The largest organ in the body, human skin, acts as a remarkable protective barrier that divides the internal environment from the external surrounding. The skin, owing to its multifunctionality, is vital for moisturization, thermoregulation, sensory perception, maintenance of humoral equilibrium, and protection against pathogens. Nonetheless, when this organ is subjected to external influences over an extended period, it can incur considerable strain. As a result, it may become vulnerable to numerous types of stimuli. When the skin's integrity is compromised, for example through wound formation, it can serve as a predisposing factor for various diseases.[1] Physical injuries that cause the skin to break or open are called wounds. To restore altered anatomical continuity and compromised functional status, wounds must heal properly. The epidermis. Restoring the integrity and functionality of injured tissues is the goal of the intricate process known as healing. Continuous interactions between cells and the matrix enable wound healing to occur in three overlapping phases: inflammation (3days), cellular proliferation (3–12 days), and remodeling (3–6 months). To restore the anatomical continuity and function of the afflicted part, the fundamental idea behind optimum wound healing is to limit tissue damage and provide sufficient tissue perfusion and oxygenation, appropriate nutrition, and a moist wound healing environment.[2]
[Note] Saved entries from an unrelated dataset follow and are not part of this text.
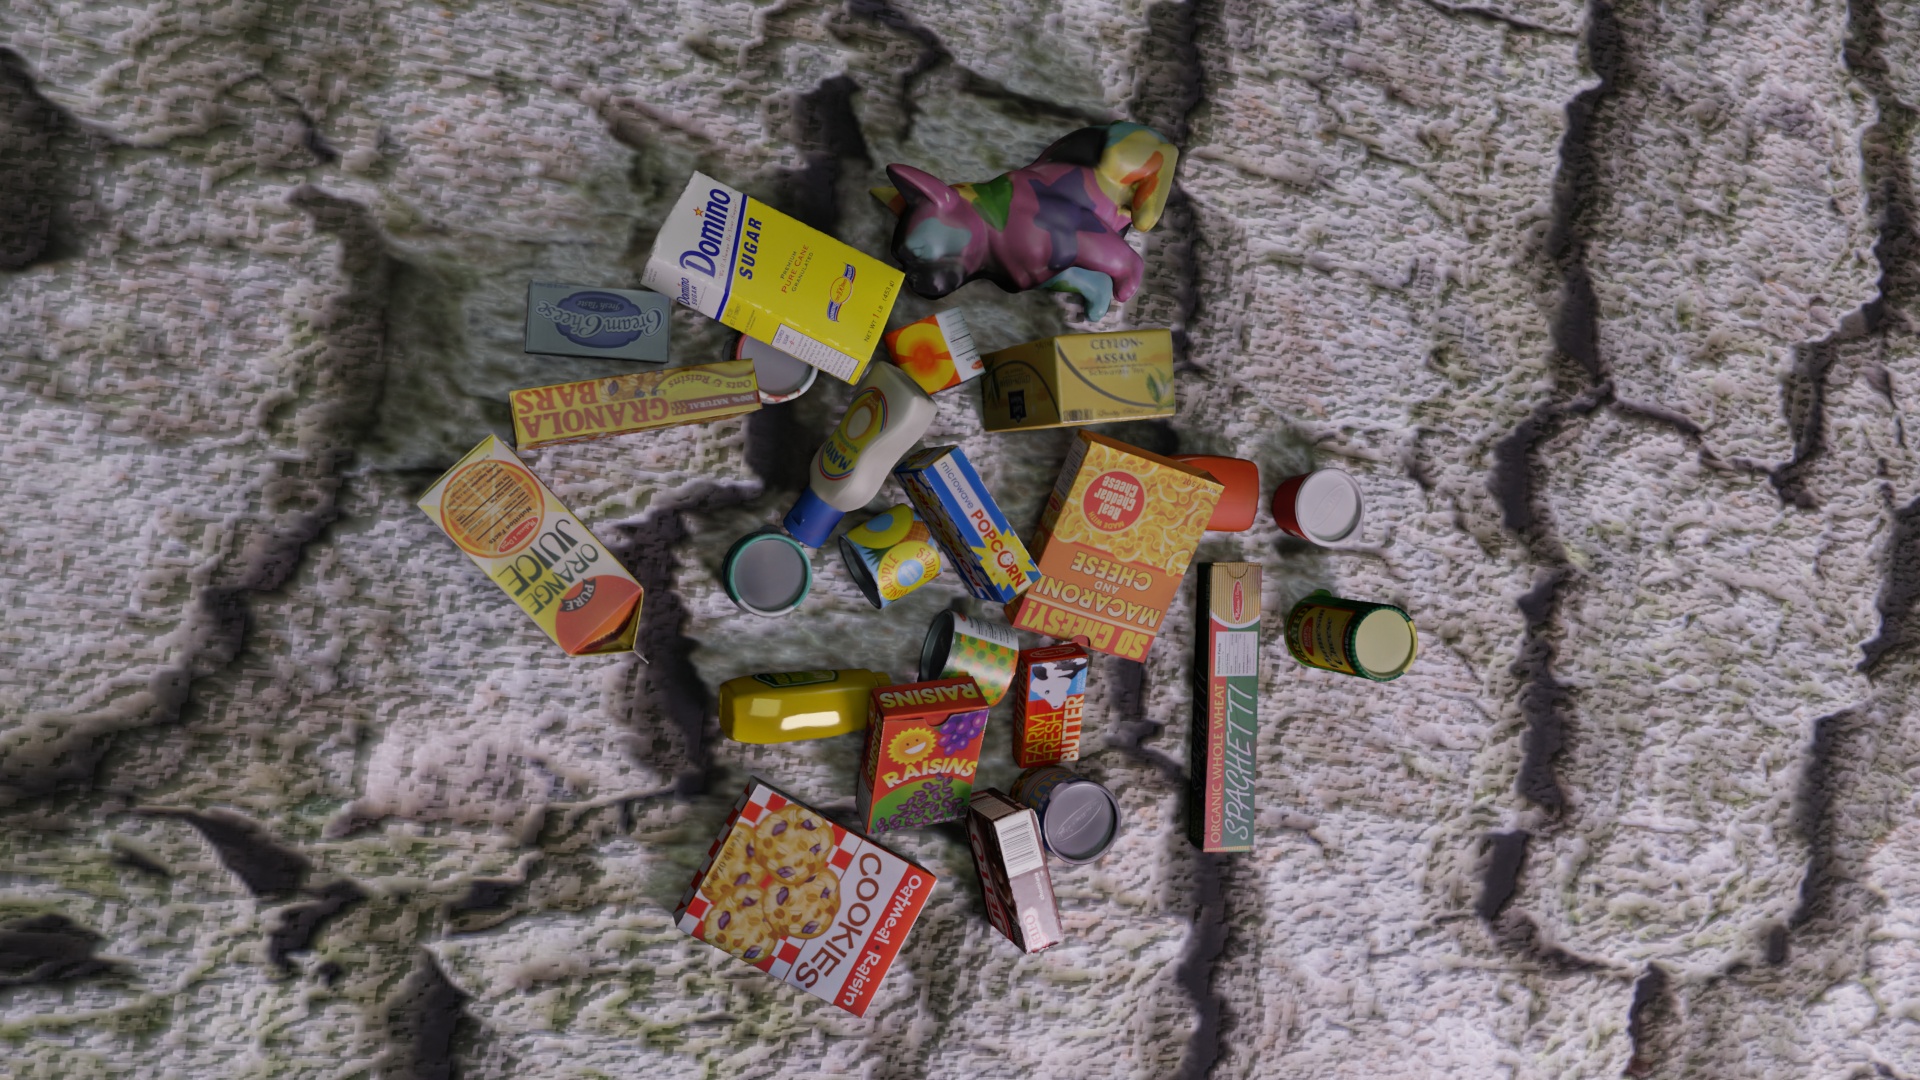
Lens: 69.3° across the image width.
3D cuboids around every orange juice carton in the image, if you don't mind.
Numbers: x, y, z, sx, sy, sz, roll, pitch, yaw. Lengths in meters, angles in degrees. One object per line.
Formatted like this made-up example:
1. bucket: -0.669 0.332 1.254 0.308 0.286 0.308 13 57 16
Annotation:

Hydrogels are polymeric networks arranged in three dimensions that can take up water without disintegrating. Hydrogels have been investigated for important uses in wound healing, drug delivery, water purification, tissue engineering, scaffolding, and 3D printing. Hydrogels are characterized by a high surface-area-to-volume ratio, which enables rapid response and optimal interaction with the surrounding tissue. This is their main advantages.[3]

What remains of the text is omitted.